QUESTION: The Mishnah states that on Erev Pesach, one may not eat from "close to Minchah... until dark." The Gemara cites a similar Beraisa in which Rebbi Yehudah says that this applies both to Erev Shabbos and to Erev Yom Tov. The Beraisa, though, leaves out the words "until dark." Is there a difference between the requirement to refrain from eating on Erev Pesach and the Halachah to refrain from eating on Erev Shabbos?
(a) TOSFOS writes that on Pesach there is a special requirement to eat Matzah at the time of the Korban Pesach, after nightfall. Therefore, the Mishnah says that one may not eat "until dark." On Shabbos, however, a person may accept the sanctity of Shabbos, recite Kidush, and begin his meal even before nightfall. The ROSH agrees with this opinion.
(b) The BACH (beginning of OC 472) cites the MAHARAL (Gevuros Hash-m 48) who writes that while one may begin his Shabbos meal before nightfall, he must eat part of his meal after dark. The source of the Mitzvah to eat three meals on Shabbos is the verse which mentions the word "ha'Yom" ("the day") three times (Shemos 16:25; see Shabbos 117b). The time before nightfall is not yet called the day of Shabbos. Therefore, at least part of the meal must be eaten on Shabbos after nightfall.
(c) TOSFOS (DH Ad) cites RABEINU YEHUDAH who quotes the Yerushalmi that Erev Shabbos and Erev Pesach are the same; just as one may not eat until after dark on Erev Pesach, so, too, one may not eat on Erev Shabbos until after dark. Therefore, the Beraisa which discusses Erev Shabbos should also say "Ad she'Techshach" ("until dark"). Apparently, one may not eat on Erev Shabbos until after dark because one cannot fulfill the Mitzvah to declare the sanctity of Shabbos ("Zachor Es Yom ha'Shabbos") when the day of Shabbos has not yet arrived.
HALACHAH: On Erev Pesach, one must wait until dark to recite Kidush at the beginning of the Seder (SHULCHAN ARUCH OC 472). The TERUMAS HA'DESHEN (#137) reasons that the four cups of wine, which include the cup of Kidush, represent the Ge'ulah which is celebrated Pesach night. Since the Ge'ulah occurred after nightfall, the Seder must wait until that time as well.
With regard to Shabbos, the SHULCHAN ARUCH (OC 267:2) writes that one may begin his Shabbos meal before dark, as long as he starts after Plag ha'Minchah (1 1/4 hours before sunset). The MISHNAH BERURAH quotes the view of the BACH in the name of the MAHARAL (in (b) above), that if one eats his Shabbos meal early, he should eat at least a k'Zayis of bread after nightfall.
The Mishnah Berurah raises another issue.

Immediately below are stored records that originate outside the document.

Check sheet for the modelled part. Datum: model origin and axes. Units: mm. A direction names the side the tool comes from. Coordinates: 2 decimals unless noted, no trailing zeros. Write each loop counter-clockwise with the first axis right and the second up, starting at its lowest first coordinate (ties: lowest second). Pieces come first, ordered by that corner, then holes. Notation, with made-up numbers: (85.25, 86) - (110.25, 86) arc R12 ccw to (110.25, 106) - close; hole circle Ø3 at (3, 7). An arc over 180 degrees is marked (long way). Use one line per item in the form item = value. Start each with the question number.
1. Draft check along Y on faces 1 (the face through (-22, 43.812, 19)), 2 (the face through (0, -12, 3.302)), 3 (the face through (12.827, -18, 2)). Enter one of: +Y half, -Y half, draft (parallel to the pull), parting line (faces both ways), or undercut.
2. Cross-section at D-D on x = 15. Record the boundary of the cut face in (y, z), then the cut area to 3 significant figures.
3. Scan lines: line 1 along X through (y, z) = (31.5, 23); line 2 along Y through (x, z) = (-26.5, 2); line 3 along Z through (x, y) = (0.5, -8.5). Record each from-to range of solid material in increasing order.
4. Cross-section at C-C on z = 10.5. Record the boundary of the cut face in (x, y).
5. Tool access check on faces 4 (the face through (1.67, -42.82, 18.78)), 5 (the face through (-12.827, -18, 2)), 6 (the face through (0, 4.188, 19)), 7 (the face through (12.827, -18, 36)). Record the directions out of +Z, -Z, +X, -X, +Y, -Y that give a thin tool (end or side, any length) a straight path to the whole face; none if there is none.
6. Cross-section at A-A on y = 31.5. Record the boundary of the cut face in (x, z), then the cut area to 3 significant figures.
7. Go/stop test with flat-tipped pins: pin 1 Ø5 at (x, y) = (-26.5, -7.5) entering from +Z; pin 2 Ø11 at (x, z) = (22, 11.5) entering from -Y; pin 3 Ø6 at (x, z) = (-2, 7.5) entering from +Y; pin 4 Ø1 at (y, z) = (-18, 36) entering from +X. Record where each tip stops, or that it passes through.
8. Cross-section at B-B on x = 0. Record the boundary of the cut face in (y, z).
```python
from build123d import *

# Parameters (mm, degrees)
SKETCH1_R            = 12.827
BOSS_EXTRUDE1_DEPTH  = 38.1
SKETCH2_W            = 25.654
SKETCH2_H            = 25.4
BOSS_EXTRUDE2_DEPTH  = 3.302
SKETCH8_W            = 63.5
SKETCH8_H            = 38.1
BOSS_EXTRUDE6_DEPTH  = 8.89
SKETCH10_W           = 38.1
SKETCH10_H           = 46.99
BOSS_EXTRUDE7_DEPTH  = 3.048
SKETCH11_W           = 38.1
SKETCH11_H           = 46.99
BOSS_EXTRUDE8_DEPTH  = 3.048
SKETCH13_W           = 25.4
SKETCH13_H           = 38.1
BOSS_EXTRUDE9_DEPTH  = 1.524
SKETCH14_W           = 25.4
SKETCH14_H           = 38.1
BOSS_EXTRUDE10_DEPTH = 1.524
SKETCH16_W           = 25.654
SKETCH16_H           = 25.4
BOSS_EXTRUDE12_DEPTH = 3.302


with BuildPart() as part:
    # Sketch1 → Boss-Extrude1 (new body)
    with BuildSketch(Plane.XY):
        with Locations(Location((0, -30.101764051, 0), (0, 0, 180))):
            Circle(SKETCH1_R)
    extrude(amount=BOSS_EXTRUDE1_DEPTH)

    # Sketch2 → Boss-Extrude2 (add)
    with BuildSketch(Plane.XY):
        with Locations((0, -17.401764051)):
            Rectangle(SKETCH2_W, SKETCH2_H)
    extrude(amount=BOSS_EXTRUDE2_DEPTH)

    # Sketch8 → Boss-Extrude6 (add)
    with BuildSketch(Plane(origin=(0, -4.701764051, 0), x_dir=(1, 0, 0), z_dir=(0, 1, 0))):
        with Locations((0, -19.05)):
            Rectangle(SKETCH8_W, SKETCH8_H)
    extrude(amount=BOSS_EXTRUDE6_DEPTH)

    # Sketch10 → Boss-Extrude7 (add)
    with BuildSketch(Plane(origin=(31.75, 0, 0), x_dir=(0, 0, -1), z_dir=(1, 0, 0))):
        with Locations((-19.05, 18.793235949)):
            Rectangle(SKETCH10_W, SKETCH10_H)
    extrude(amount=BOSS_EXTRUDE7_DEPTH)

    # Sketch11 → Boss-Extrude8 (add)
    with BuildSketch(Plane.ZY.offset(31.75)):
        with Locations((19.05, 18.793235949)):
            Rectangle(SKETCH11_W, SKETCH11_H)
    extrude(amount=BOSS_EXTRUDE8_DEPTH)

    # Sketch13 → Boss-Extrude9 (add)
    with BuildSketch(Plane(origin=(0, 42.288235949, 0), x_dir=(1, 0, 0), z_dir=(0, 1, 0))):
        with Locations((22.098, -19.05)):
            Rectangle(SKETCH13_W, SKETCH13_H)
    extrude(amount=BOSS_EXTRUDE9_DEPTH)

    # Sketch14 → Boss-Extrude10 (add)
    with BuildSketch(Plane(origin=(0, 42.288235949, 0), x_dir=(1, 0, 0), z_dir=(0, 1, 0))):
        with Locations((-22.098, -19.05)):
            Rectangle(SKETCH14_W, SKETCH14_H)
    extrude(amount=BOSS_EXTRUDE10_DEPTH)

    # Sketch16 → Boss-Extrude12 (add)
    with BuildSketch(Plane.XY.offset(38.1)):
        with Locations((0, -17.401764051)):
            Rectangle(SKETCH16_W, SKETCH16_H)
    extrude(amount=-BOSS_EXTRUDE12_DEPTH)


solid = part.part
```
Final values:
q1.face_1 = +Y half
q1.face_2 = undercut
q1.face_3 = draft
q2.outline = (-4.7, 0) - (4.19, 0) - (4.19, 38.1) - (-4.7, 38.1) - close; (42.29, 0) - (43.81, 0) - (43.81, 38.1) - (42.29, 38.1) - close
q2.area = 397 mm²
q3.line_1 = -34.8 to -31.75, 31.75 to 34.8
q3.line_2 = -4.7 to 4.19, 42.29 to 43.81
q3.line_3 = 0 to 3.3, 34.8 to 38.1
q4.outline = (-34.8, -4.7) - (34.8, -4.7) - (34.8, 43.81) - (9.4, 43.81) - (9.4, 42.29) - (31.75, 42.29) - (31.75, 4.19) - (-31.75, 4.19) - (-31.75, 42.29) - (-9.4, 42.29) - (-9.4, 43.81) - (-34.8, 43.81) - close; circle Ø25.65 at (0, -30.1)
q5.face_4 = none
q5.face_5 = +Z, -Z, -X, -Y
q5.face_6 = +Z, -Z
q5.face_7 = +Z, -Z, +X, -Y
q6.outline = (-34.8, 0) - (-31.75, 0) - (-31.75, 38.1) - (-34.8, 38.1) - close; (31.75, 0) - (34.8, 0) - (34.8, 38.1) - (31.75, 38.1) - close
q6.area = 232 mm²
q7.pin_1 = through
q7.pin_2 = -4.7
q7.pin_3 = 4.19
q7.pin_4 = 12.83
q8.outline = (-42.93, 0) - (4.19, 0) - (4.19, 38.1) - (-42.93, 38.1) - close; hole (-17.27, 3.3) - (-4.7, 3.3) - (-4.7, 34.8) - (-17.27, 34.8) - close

The MAGEN AVRAHAM (OC 233) writes that one is not permitted, on any night, to begin a meal within a half-hour before nightfall because he might get involved in his meal and forget to recite Keri'as Shema after dark. Therefore, if one does recite Kidush and begin the Shabbos meal early, he must start prior to a half-hour before nightfall (but, again, after Plag ha'Minchah). The Mishnah Berurah cites the TAZ (OC 233 and 271) who, on the contrary, permits a person to start his meal even within a half-hour of nightfall, as long as he has already recited Keri'as Shema. This is based on the opinion noted by TOSFOS (Berachos 2a) that one may say Keri'as Shema before nightfall (see Insights to Berachos 2:2).
However, the Mishnah Berurah (in BI'UR HALACHAH 271:1 and SHA'AR HA'TZIYUN 267:1) points out that the ruling of the Taz applies only to people who have a Minhag to always recite Ma'ariv early. One who always recites Ma'ariv after sunset is not permitted to recite Keri'as Shema early on Friday evening and begin the Shabbos meal early.
(This discussion applies only to eating the Shabbos meal before dark. With regard to accepting upon oneself the sanctity of Shabbos before dark, the SHULCHAN ARUCH (OC 261:2) cites the opinion that it is a Mitzvah to add to the Shabbos from the weekday ("Tosefes Shabbos"). See Mishnah Berurah there (261:19).)